▸ **Work request**:
Could you copy every line of the data that contains "ДМРВ"?

Items from a dataset
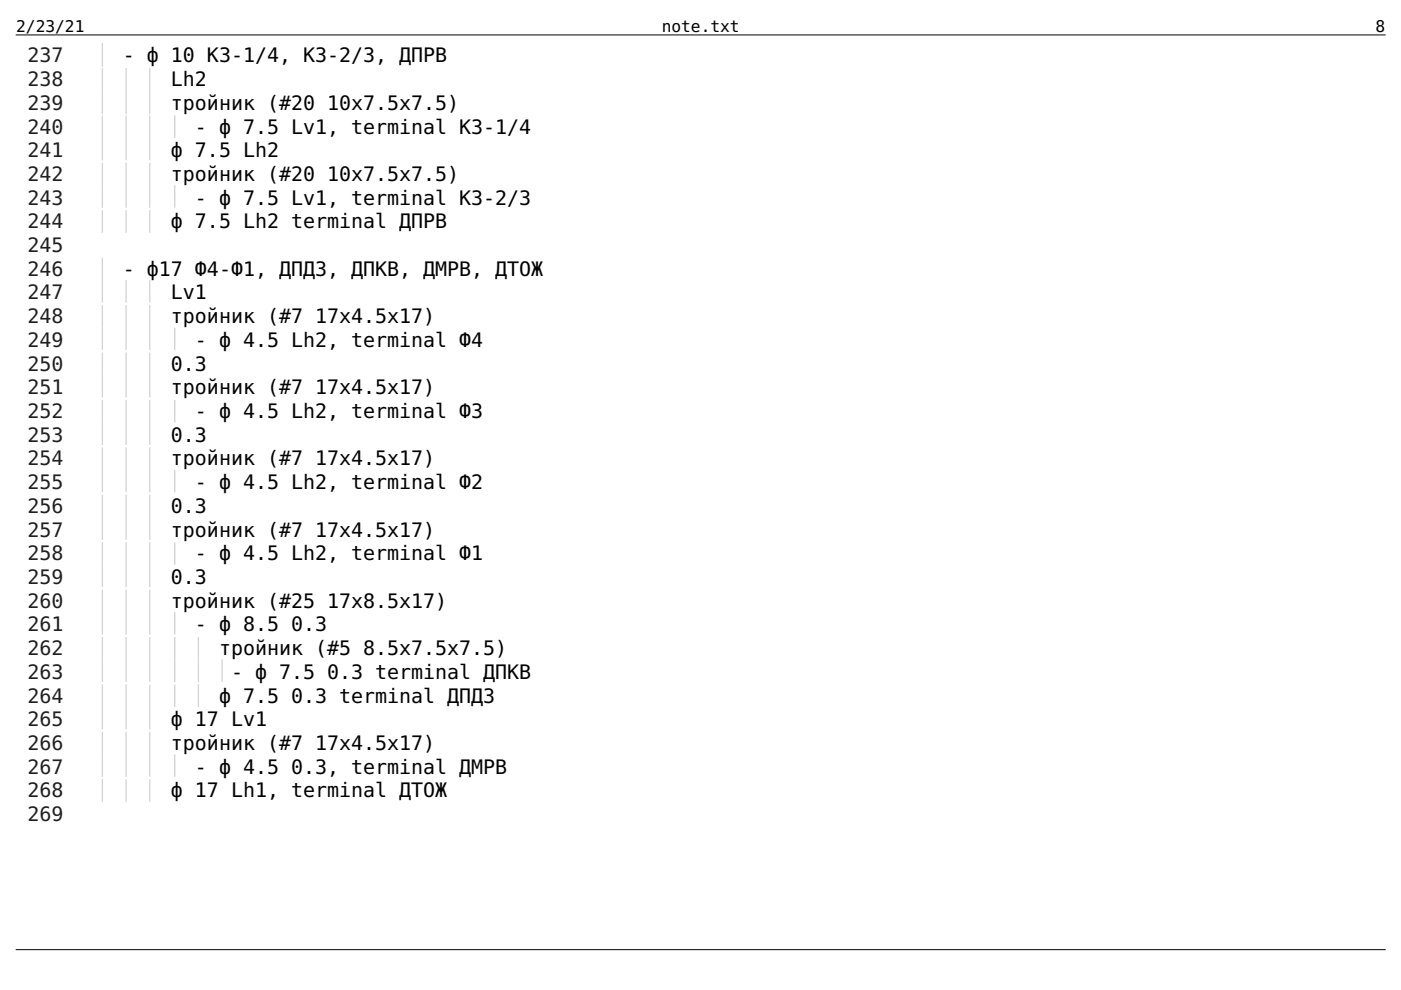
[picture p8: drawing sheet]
<svg xmlns="http://www.w3.org/2000/svg" width="297mm" height="210mm" viewBox="0 0 297 210" stroke-linecap="round" stroke-linejoin="round" font-family="sans-serif">
<defs><g id="words">
<g font-size="4.2" fill="#1f1f1f">
<text x="5.9" y="13.2">237</text>
<text x="5.9" y="18.3">238</text>
<text x="5.9" y="23.3">239</text>
<text x="5.9" y="28.3">240</text>
<text x="5.9" y="33.3">241</text>
<text x="5.9" y="38.4">242</text>
<text x="5.9" y="43.4">243</text>
<text x="5.9" y="48.4">244</text>
<text x="5.9" y="53.4">245</text>
<text x="5.9" y="58.5">246</text>
<text x="5.9" y="63.5">247</text>
<text x="5.9" y="68.5">248</text>
<text x="5.9" y="73.6">249</text>
<text x="5.9" y="78.6">250</text>
<text x="5.9" y="83.6">251</text>
<text x="5.9" y="88.6">252</text>
<text x="5.9" y="93.7">253</text>
<text x="5.9" y="98.7">254</text>
<text x="5.9" y="103.7">255</text>
<text x="5.9" y="108.7">256</text>
<text x="5.9" y="113.8">257</text>
<text x="5.9" y="118.8">258</text>
<text x="5.9" y="123.8">259</text>
<text x="5.9" y="128.9">260</text>
<text x="5.9" y="133.9">261</text>
<text x="5.9" y="138.9">262</text>
<text x="5.9" y="143.9">263</text>
<text x="5.9" y="149">264</text>
<text x="5.9" y="154">265</text>
<text x="5.9" y="159">266</text>
<text x="5.9" y="164">267</text>
<text x="5.9" y="169.1">268</text>
<text x="5.9" y="174.1">269</text>
</g>
<g font-size="4.2">
<text x="26.1" y="13.2">- ф 10 КЗ-1/4, КЗ-2/3, ДПРВ</text>
<text x="36.2" y="18.3">Lh2</text>
<text x="36.2" y="23.3">тройник (#20</text>
<text x="69.4" y="23.3">10x7.5x7.5)</text>
<text x="41.3" y="28.3">- ф 7.5 Lv1, terminal КЗ-1/4</text>
<text x="36.2" y="33.3">ф 7.5 Lh2</text>
<text x="36.2" y="38.4">тройник (#20</text>
<text x="69.4" y="38.4">10x7.5x7.5)</text>
<text x="41.3" y="43.4">- ф 7.5 Lv1, terminal КЗ-2/3</text>
<text x="36.2" y="48.4">ф 7.5 Lh2 terminal ДПРВ</text>
<text x="26.1" y="58.5">- ф17 Ф4-Ф1, ДПДЗ, ДПКВ, ДМРВ, ДТОЖ</text>
<text x="36.2" y="63.5">Lv1</text>
<text x="36.2" y="68.5">тройник (#7</text>
<text x="66.8" y="68.5">17x4.5x17)</text>
<text x="41.3" y="73.6">- ф 4.5 Lh2, terminal Ф4</text>
<text x="36.2" y="78.6">0.3</text>
<text x="36.2" y="83.6">тройник (#7</text>
<text x="66.8" y="83.6">17x4.5x17)</text>
<text x="41.3" y="88.6">- ф 4.5 Lh2, terminal Ф3</text>
<text x="36.2" y="93.7">0.3</text>
<text x="36.2" y="98.7">тройник (#7</text>
<text x="66.8" y="98.7">17x4.5x17)</text>
<text x="41.3" y="103.7">- ф 4.5 Lh2, terminal Ф2</text>
<text x="36.2" y="108.7">0.3</text>
<text x="36.2" y="113.8">тройник (#7</text>
<text x="66.8" y="113.8">17x4.5x17)</text>
<text x="41.3" y="118.8">- ф 4.5 Lh2, terminal Ф1</text>
<text x="36.2" y="123.8">0.3</text>
<text x="36.2" y="128.9">тройник (#25</text>
<text x="69.4" y="128.9">17x8.5x17)</text>
<text x="41.3" y="133.9">- ф 8.5</text>
<text x="61.7" y="133.9">0.3</text>
<text x="46.4" y="138.9">тройник (#5</text>
<text x="49" y="143.9">- ф 7.5</text>
<text x="69.4" y="143.9">0.3 terminal ДПКВ</text>
<text x="77" y="138.9">8.5x7.5x7.5)</text>
<text x="46.4" y="149">ф 7.5</text>
<text x="61.7" y="149">0.3 terminal ДПДЗ</text>
<text x="36.2" y="154">ф 17 Lv1</text>
<text x="36.2" y="159">тройник (#7</text>
<text x="66.8" y="159">17x4.5x17)</text>
<text x="41.3" y="164">- ф 4.5</text>
<text x="61.7" y="164">0.3, terminal ДМРВ</text>
<text x="36.2" y="169.1">ф 17 Lh1, terminal ДТОЖ</text>
</g>
<g font-size="3.4">
<text x="3.4" y="6.9">2/23/21</text>
<text x="140.3" y="6.9">note.txt</text>
<text x="291.6" y="6.9">8</text>
</g>
</g></defs>
<path d="M3.4 7.4h290.3M3.4 201.3h290.3" fill="none" stroke="#000" stroke-width=".21"/>
<g fill="none" stroke="#d2d2d2" stroke-width=".26" stroke-dasharray=".3 .3">
<path d="M21.7 9.3v4.7M21.7 19.3v4.8M26.7 19.3v4.8M31.7 19.3v4.8M21.7 29.4v4.7M21.7 39.4v4.8M26.7 29.4v4.7M26.7 39.4v4.8M31.7 29.4v4.7M31.7 39.4v4.8M37 39.4v4.8M21.7 59.5v4.8"/>
<path d="M26.7 59.5v4.8M31.7 59.5v4.8M21.7 69.6v4.7M21.7 79.6v4.8M26.7 69.6v4.7M26.7 79.6v4.8M31.7 69.6v4.7M31.7 79.6v4.8M37 69.6v4.7M21.7 89.7v4.8M21.7 99.7v4.8M26.7 89.7v4.8"/>
<path d="M26.7 99.7v4.8M31.7 89.7v4.8M31.7 99.7v4.8M37 99.7v4.8M21.7 109.8v4.8M21.7 119.9v4.7M26.7 109.8v4.8M26.7 119.9v4.7M31.7 109.8v4.8M31.7 119.9v4.7M21.7 129.9v4.8M21.7 140v4.7"/>
<path d="M26.7 129.9v4.8M26.7 140v4.7M31.7 129.9v4.8M31.7 140v4.7M37 129.9v4.8M37 140v4.7M42.1 140v4.7M47.1 140v4.7M21.7 150v4.8M26.7 150v4.8M31.7 150v4.8M21.7 160.1v4.7"/>
<path d="M26.7 160.1v4.7M31.7 160.1v4.7M37 160.1v4.7"/>
</g>
<g fill="none" stroke="#d2d2d2" stroke-width=".26" stroke-dasharray=".3 .3" stroke-dashoffset=".3">
<path d="M21.7 14.3v4.8M26.7 14.3v4.8M31.7 14.3v4.8M21.7 24.3v4.8M21.7 34.4v4.8M26.7 24.3v4.8M26.7 34.4v4.8M31.7 24.3v4.8M31.7 34.4v4.8M37 24.3v4.8M21.7 44.5v4.7M21.7 54.5v4.8"/>
<path d="M26.7 44.5v4.7M31.7 44.5v4.7M21.7 64.6v4.7M21.7 74.6v4.8M26.7 64.6v4.7M26.7 74.6v4.8M31.7 64.6v4.7M31.7 74.6v4.8M21.7 84.7v4.7M21.7 94.7v4.8M26.7 84.7v4.7M26.7 94.7v4.8"/>
<path d="M31.7 84.7v4.7M31.7 94.7v4.8M37 84.7v4.7M21.7 104.8v4.7M21.7 114.8v4.8M26.7 104.8v4.7M26.7 114.8v4.8M31.7 104.8v4.7M31.7 114.8v4.8M37 114.8v4.8M21.7 124.9v4.7M21.7 134.9v4.8"/>
<path d="M26.7 124.9v4.7M26.7 134.9v4.8M31.7 124.9v4.7M31.7 134.9v4.8M37 134.9v4.8M42.1 134.9v4.8M21.7 145v4.8M21.7 155v4.8M26.7 145v4.8M26.7 155v4.8M31.7 145v4.8M31.7 155v4.8"/>
<path d="M37 145v4.8M42.1 145v4.8M21.7 165.1v4.8M26.7 165.1v4.8M31.7 165.1v4.8"/>
</g>
<use href="#words"/>
</svg>

▸ **Response area**:
<text x="26.1" y="58.5">- ф17 Ф4-Ф1, ДПДЗ, ДПКВ, ДМРВ, ДТОЖ</text>
<text x="61.7" y="164">0.3, terminal ДМРВ</text>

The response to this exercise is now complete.